## Aim of the task
Lines in the entries below where the word "average" shows up should each be copied.

===== Source information

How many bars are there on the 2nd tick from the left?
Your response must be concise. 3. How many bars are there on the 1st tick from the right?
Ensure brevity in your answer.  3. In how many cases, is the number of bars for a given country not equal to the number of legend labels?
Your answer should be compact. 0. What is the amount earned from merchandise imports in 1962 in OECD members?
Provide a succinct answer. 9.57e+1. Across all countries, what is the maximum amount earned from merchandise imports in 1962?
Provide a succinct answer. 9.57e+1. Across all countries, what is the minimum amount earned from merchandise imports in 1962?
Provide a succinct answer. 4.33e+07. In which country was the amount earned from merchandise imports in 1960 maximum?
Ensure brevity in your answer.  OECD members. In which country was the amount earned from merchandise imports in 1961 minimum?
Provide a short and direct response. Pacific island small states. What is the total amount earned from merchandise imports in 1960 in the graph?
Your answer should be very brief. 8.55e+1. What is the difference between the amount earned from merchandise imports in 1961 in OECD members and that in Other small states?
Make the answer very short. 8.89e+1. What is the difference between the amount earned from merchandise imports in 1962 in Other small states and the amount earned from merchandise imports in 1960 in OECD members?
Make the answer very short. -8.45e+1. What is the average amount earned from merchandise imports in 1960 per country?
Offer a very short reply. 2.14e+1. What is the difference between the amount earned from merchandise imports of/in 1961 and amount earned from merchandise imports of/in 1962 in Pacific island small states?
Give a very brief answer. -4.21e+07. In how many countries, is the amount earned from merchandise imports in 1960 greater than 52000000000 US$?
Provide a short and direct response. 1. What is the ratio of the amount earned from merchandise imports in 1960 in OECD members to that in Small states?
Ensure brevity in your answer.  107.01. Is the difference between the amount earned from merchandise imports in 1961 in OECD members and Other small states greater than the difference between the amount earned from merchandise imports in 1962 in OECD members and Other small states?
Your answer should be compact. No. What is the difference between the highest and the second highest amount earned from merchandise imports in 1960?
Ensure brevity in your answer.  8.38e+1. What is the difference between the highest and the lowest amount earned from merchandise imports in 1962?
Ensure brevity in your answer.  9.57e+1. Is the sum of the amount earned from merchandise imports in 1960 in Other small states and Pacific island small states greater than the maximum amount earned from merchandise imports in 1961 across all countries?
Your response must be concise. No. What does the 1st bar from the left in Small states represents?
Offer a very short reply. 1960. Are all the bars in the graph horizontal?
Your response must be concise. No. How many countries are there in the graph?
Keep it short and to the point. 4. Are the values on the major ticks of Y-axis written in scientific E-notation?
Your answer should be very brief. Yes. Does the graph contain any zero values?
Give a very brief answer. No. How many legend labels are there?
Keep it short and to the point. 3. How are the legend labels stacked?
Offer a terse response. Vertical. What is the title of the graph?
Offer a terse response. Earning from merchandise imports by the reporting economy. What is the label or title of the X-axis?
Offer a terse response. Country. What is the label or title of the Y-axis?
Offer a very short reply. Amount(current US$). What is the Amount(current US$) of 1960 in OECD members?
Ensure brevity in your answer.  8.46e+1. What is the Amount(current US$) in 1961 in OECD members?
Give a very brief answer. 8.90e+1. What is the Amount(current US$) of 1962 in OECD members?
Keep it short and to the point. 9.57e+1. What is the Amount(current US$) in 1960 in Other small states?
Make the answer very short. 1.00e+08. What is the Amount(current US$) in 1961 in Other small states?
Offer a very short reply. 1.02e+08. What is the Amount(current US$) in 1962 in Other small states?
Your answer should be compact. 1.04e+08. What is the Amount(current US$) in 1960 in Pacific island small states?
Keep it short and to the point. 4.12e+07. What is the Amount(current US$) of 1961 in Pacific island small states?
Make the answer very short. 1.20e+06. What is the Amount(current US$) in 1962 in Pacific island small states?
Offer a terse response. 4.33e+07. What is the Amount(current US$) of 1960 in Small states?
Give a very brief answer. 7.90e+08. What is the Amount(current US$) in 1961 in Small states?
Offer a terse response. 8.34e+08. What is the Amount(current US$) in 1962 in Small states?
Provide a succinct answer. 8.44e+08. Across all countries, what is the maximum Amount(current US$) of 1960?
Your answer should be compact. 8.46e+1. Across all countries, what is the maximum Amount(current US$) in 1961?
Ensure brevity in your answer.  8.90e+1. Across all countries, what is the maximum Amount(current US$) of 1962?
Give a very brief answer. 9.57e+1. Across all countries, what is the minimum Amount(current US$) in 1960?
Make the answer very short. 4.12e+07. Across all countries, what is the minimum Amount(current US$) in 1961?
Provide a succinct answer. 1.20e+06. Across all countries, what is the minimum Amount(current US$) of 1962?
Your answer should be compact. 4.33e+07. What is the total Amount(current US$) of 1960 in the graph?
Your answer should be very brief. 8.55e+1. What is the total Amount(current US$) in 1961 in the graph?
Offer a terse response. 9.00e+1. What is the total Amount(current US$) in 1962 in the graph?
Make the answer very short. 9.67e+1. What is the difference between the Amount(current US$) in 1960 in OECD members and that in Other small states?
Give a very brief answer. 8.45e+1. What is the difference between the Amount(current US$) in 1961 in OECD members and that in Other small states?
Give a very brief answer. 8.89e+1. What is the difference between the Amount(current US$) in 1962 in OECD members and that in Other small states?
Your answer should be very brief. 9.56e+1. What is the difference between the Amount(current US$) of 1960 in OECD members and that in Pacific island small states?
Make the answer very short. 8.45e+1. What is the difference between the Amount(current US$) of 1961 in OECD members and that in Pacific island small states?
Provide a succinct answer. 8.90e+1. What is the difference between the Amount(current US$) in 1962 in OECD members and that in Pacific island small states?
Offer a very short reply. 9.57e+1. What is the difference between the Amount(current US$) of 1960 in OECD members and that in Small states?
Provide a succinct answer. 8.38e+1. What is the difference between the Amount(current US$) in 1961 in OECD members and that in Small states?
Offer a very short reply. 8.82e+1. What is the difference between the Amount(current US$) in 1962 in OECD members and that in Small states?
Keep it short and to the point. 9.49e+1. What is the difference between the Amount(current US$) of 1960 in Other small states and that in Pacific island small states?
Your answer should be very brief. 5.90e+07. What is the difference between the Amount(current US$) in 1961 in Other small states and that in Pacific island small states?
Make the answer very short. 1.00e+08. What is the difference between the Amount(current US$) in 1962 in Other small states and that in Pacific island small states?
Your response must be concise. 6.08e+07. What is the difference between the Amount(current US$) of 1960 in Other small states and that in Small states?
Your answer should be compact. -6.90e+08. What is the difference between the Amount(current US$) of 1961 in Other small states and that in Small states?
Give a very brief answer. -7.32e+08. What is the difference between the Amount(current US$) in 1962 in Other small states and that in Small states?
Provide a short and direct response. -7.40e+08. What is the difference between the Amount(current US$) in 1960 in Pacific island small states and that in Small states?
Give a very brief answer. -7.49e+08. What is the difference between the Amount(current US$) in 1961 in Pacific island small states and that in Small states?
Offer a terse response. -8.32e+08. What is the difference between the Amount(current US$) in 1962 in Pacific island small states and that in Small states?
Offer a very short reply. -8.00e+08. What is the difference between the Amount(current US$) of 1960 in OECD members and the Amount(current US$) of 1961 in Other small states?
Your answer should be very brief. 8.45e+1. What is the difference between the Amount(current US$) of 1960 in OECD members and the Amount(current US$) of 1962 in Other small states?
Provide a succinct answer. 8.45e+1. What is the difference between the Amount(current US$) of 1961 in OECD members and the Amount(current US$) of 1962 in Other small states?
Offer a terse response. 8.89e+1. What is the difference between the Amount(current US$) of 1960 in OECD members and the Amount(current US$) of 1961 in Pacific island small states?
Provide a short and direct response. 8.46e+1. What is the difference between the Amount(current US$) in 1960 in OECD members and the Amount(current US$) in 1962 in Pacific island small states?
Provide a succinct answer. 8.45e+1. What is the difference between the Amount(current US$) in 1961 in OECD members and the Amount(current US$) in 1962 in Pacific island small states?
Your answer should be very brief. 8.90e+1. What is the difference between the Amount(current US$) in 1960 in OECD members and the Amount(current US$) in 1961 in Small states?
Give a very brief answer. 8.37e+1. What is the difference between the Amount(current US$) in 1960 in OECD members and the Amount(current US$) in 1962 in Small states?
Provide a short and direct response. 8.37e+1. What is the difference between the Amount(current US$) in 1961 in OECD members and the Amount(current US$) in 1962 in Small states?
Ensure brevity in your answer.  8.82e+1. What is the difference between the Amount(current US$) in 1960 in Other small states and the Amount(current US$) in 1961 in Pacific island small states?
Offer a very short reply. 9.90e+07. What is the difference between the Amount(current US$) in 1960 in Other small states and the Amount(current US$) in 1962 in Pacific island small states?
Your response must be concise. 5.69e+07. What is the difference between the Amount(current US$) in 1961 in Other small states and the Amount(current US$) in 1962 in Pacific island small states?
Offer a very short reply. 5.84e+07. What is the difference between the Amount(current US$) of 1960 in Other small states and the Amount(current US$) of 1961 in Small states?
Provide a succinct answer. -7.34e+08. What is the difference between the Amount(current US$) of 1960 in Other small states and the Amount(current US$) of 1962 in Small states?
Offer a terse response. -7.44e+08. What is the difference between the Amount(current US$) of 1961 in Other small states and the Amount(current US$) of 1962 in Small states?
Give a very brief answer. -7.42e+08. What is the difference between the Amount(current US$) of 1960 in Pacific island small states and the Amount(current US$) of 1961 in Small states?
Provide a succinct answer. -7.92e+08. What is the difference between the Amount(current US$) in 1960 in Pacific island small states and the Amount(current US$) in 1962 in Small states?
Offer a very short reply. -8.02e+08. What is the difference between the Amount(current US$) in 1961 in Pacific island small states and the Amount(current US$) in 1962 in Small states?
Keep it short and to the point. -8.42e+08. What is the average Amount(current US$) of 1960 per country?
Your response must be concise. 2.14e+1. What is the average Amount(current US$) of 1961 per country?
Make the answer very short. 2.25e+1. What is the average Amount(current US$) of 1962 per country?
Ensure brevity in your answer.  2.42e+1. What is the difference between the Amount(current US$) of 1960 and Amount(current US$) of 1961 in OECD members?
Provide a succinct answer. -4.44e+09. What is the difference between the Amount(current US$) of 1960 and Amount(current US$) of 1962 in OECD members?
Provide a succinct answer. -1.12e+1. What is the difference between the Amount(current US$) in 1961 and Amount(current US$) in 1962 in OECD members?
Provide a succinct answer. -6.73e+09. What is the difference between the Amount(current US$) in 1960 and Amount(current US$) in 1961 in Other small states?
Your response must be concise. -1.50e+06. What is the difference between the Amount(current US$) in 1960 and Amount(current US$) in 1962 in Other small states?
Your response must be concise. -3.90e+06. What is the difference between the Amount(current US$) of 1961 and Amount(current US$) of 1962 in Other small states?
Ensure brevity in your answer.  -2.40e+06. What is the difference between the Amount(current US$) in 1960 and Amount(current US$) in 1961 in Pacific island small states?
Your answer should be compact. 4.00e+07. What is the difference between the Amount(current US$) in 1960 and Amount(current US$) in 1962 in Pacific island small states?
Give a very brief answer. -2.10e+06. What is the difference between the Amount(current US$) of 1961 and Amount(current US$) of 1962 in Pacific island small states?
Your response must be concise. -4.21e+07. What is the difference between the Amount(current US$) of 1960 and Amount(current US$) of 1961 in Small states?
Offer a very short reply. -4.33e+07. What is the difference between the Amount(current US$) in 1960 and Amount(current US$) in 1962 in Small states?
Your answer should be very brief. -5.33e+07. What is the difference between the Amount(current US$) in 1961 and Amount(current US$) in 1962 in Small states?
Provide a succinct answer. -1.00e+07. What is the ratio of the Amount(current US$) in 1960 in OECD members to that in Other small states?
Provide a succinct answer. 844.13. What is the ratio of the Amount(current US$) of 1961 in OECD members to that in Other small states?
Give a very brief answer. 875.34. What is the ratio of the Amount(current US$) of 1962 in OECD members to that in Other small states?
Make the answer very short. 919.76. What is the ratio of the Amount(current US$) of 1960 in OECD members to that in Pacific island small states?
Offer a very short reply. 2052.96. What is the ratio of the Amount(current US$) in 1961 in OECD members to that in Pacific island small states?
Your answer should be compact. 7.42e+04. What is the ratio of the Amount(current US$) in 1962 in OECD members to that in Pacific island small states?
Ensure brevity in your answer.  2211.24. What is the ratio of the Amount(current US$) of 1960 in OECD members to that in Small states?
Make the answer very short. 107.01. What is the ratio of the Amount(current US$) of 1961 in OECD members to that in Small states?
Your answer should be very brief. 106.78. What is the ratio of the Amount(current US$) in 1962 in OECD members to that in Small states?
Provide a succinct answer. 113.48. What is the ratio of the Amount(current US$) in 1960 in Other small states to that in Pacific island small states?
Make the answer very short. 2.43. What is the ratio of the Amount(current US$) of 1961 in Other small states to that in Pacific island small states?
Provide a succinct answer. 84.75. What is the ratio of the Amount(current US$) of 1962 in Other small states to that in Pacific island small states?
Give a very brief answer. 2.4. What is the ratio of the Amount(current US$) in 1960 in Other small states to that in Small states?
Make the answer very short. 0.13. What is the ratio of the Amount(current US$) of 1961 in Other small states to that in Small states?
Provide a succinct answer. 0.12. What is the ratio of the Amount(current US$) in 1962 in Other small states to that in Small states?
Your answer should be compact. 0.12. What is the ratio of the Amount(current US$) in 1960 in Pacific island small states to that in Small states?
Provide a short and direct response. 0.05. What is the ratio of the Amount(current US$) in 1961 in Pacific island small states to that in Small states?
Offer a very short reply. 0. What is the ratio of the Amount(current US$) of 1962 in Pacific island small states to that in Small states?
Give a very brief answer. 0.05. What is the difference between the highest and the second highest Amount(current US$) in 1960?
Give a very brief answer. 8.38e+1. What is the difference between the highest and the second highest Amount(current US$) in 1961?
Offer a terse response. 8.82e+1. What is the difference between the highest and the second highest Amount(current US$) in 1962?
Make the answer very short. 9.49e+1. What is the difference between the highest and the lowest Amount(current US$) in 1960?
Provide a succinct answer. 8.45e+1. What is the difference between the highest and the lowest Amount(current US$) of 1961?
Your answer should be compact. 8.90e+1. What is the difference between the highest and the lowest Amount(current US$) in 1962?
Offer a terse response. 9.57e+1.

==========

## Answer box
Make the answer very short. -8.45e+1. What is the average amount earned from merchandise imports in 1960 per country?
Keep it short and to the point. -8.42e+08. What is the average Amount(current US$) of 1960 per country?
Your response must be concise. 2.14e+1. What is the average Amount(current US$) of 1961 per country?
Make the answer very short. 2.25e+1. What is the average Amount(current US$) of 1962 per country?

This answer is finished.